Probability Concepts: Mutually Exclusive Events, Venn Diagrams, Sample Space, and 5-Card Hand Calculation
Mutually Exclusive Events
Mutually exclusive means the events cannot happen at the same time.
Example from lecture: rolling doubles and obtaining a sum of five cannot both occur on a single roll of two dice.
Another example: rolling a sum of seven has the same probability as rolling doubles, but they are mutually exclusive (no overlap).
Therefore, if A and B are mutually exclusive, the intersection probability is
P(A\cap B)=0,
and the union probability simplifies to
P(A\cup B)=P(A)+P(B).Visual aid: the Euler diagram for mutually exclusive events is two separate circles with no overlap.

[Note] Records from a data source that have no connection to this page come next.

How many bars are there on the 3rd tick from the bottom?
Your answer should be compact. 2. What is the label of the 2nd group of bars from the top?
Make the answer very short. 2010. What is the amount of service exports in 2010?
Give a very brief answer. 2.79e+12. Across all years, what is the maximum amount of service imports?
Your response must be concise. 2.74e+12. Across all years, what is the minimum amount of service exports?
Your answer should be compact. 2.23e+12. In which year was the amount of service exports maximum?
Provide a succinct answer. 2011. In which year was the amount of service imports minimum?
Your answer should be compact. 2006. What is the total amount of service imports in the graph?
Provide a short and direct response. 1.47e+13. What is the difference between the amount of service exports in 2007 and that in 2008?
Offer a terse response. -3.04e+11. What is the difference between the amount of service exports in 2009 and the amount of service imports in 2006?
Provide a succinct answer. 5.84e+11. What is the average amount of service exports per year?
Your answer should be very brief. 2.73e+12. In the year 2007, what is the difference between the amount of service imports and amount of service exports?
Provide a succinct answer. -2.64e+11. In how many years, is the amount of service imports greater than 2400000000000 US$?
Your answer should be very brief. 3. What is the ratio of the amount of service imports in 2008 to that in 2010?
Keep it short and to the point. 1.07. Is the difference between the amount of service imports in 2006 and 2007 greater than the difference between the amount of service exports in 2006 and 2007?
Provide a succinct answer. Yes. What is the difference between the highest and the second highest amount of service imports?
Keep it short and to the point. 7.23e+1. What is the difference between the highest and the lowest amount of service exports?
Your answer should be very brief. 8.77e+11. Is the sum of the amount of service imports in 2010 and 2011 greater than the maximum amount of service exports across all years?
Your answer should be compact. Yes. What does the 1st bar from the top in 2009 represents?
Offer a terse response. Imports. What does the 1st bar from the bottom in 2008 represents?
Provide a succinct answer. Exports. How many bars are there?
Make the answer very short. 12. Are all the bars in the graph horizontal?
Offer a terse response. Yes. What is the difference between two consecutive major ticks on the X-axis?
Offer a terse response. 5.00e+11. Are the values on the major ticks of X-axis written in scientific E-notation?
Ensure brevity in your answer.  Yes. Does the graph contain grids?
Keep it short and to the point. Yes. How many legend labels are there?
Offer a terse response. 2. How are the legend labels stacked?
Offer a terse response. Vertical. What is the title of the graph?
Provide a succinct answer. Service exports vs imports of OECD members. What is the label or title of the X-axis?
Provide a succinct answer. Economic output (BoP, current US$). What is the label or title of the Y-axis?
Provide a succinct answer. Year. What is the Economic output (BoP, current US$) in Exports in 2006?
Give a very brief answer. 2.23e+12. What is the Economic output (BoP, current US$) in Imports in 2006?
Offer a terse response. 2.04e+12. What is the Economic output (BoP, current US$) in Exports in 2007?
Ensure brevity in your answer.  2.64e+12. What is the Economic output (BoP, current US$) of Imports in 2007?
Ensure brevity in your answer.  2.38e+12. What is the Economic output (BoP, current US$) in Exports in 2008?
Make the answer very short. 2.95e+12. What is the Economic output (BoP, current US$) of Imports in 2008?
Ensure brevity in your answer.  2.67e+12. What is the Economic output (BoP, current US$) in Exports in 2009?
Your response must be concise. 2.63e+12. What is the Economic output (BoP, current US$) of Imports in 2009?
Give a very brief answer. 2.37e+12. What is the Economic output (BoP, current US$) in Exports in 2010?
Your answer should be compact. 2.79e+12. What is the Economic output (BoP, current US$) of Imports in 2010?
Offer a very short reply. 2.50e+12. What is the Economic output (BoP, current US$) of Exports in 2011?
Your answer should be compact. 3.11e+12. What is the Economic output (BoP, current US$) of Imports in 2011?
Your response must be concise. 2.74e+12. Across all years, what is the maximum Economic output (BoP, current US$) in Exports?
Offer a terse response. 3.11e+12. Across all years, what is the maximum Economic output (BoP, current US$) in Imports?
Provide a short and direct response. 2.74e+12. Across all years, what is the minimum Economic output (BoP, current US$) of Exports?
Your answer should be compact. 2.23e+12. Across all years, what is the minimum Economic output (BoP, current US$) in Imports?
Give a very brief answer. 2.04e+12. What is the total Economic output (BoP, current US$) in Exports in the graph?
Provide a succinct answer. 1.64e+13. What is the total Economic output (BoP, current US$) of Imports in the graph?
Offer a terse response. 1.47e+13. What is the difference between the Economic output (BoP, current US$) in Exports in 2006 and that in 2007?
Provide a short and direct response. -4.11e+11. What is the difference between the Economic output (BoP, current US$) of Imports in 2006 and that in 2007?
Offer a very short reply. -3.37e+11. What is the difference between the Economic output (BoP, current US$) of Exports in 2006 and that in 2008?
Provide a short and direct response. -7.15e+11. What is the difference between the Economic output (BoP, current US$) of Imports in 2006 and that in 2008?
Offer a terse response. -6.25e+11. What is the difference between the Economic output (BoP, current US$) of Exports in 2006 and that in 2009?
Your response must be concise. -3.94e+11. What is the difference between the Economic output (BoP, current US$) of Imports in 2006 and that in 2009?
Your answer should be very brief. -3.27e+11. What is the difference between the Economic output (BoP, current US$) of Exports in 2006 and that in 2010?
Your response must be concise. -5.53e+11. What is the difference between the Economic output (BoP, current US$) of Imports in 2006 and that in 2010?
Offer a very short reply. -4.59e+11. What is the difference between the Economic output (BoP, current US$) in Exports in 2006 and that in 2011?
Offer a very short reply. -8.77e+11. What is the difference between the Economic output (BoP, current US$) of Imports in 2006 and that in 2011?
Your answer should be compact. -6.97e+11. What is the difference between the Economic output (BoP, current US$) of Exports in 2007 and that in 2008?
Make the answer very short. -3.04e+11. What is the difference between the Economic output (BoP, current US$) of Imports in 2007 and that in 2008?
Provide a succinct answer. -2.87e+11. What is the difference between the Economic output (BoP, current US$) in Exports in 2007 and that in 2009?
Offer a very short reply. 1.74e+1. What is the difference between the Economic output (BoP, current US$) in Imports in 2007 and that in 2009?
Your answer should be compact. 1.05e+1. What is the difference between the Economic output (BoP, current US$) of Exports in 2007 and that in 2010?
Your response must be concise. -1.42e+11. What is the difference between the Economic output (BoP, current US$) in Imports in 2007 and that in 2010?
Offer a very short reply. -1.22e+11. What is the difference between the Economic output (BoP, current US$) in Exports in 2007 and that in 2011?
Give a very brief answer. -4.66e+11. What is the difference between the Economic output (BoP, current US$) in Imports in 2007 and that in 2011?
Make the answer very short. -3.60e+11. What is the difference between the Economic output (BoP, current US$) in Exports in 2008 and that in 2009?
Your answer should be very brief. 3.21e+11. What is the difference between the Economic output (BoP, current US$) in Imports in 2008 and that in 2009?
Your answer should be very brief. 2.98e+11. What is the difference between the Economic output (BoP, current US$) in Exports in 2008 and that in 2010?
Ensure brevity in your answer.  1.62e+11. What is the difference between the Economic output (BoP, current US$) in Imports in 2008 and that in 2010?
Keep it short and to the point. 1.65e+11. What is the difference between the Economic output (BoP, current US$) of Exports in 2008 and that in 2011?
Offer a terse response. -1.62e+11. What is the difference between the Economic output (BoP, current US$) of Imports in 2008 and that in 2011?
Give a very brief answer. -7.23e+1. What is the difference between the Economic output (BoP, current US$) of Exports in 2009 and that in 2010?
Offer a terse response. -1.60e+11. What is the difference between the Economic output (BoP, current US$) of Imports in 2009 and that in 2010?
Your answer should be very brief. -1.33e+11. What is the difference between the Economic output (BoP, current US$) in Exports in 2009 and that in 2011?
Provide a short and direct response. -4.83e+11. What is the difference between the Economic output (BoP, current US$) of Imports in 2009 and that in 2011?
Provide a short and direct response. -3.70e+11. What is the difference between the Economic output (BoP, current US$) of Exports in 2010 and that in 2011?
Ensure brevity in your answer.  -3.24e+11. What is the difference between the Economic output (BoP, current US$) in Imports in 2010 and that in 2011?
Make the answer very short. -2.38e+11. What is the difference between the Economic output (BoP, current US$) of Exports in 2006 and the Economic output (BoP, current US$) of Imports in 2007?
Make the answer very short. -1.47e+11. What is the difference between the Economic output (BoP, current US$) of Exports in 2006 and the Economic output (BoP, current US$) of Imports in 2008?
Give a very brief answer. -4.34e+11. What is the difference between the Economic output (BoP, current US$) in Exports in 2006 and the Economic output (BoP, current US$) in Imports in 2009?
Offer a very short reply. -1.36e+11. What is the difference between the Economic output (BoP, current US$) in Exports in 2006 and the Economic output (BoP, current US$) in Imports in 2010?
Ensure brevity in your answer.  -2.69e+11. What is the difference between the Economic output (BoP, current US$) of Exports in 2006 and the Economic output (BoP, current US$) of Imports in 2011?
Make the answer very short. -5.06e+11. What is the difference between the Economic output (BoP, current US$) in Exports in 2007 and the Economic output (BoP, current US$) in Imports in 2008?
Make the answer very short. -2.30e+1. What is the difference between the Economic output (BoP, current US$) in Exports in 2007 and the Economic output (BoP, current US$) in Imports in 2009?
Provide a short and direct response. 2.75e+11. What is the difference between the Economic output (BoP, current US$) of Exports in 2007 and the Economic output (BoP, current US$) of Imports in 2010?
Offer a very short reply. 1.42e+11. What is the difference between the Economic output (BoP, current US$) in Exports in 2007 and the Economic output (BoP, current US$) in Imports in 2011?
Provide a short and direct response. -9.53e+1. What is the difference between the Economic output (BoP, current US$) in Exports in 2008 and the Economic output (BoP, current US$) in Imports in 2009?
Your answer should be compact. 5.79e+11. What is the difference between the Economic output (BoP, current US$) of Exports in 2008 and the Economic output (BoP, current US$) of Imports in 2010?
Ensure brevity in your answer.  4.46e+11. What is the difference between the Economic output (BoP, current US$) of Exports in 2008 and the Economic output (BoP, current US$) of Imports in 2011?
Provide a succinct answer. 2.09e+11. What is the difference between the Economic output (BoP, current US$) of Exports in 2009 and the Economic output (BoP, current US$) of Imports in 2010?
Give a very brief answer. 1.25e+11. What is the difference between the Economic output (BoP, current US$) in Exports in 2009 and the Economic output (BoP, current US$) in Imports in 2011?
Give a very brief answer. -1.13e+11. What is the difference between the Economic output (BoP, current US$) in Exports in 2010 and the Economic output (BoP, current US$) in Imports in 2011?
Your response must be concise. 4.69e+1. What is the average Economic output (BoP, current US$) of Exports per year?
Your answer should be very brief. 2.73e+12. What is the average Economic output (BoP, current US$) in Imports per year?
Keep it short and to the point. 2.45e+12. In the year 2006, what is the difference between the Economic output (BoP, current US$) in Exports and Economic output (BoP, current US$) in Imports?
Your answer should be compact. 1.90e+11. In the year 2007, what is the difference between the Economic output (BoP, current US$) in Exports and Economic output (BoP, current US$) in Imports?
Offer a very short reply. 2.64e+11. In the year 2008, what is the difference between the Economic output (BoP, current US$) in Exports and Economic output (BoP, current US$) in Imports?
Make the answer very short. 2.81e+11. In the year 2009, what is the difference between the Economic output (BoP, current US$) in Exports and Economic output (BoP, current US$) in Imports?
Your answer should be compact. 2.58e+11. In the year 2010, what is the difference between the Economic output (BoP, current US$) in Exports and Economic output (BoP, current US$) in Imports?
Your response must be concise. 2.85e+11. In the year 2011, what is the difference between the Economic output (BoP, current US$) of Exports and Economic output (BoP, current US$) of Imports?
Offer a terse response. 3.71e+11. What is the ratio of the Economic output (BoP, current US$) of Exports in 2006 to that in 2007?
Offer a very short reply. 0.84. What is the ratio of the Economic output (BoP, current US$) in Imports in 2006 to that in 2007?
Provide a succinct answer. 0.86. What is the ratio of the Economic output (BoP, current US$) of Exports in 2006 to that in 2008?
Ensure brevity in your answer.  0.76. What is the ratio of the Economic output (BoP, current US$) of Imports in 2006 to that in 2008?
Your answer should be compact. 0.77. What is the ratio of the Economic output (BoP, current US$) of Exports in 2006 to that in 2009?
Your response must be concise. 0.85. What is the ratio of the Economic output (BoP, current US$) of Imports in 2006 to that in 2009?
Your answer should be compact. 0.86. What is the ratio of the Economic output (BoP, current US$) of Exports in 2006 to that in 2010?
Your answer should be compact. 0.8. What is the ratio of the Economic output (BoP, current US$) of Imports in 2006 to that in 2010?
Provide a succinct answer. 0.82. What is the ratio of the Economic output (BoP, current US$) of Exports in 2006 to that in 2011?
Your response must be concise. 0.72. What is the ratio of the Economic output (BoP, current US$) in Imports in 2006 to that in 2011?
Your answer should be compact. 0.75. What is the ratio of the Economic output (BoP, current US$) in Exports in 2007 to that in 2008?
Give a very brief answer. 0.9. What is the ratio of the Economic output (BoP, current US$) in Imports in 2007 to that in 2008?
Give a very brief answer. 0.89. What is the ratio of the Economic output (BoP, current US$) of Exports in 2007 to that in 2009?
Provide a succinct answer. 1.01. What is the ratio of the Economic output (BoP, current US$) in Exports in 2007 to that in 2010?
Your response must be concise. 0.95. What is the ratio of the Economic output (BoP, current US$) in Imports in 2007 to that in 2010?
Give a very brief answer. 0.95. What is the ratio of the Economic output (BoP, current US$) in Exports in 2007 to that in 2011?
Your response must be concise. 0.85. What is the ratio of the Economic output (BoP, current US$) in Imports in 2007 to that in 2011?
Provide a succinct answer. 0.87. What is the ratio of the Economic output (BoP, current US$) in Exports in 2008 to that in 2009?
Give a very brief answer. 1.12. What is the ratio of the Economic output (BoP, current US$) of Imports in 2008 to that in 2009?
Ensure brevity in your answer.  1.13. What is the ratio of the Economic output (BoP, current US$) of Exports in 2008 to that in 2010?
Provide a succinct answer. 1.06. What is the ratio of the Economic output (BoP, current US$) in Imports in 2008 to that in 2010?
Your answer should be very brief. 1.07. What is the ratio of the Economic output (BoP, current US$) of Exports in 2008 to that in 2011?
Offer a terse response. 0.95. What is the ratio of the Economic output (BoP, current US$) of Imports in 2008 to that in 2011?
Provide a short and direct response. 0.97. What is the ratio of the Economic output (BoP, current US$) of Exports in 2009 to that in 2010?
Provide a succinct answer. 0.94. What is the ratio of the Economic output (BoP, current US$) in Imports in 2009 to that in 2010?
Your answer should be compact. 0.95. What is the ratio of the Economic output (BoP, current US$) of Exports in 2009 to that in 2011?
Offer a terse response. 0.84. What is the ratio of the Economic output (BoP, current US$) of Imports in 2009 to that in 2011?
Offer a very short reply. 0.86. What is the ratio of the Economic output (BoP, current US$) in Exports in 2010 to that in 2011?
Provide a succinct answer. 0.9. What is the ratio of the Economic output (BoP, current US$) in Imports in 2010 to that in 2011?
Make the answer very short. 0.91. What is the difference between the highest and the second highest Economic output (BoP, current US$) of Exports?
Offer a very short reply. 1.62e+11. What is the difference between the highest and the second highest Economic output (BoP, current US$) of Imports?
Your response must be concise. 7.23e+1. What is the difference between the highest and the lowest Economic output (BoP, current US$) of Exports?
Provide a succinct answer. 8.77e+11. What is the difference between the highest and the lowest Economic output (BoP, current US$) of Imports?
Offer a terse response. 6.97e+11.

Union and Intersection (basic rules)
For any events A and B (not assuming exclusivity):
P(A\cup B)=P(A)+P(B)-P(A\cap B).If A and B are mutually exclusive, the intersection term drops out:
P(A\cup B)=P(A)+P(B).If you’re given the union and the individuals but you know they’re disjoint, you can still use the general formula and recognize that the intersection term is 0.
Venn Diagrams, Regions, and Partitions
Venn diagrams help visualize the decomposition of outcomes into mutually exclusive regions.
For two events A and B, the diagram partitions the universe into four regions:
A only, B only, A∩B, and neither A nor B.
The probability of any event is the sum of the probabilities of the regions that comprise that event.
Important note: the entire universe (sample space) always sums to 1 (or 100%).
The regions inside the circles are mutually exclusive; they don’t overlap, even though the circles themselves may intersect.
If you know the probabilities of the regions, you can obtain the probability of any compound event by summing the appropriate regions.
Probability Distributions vs Relative Frequencies
A probability distribution table lists mutually exclusive outcomes (events) and their probabilities.
Each entry corresponds to a region/outcome that is disjoint from the others
and the sum of all probabilities equals 1:
\sumi P(Ei)=1.Relative frequency table (from data) approximates probabilities but is based on observed frequencies; a probability distribution is the theoretical counterpart.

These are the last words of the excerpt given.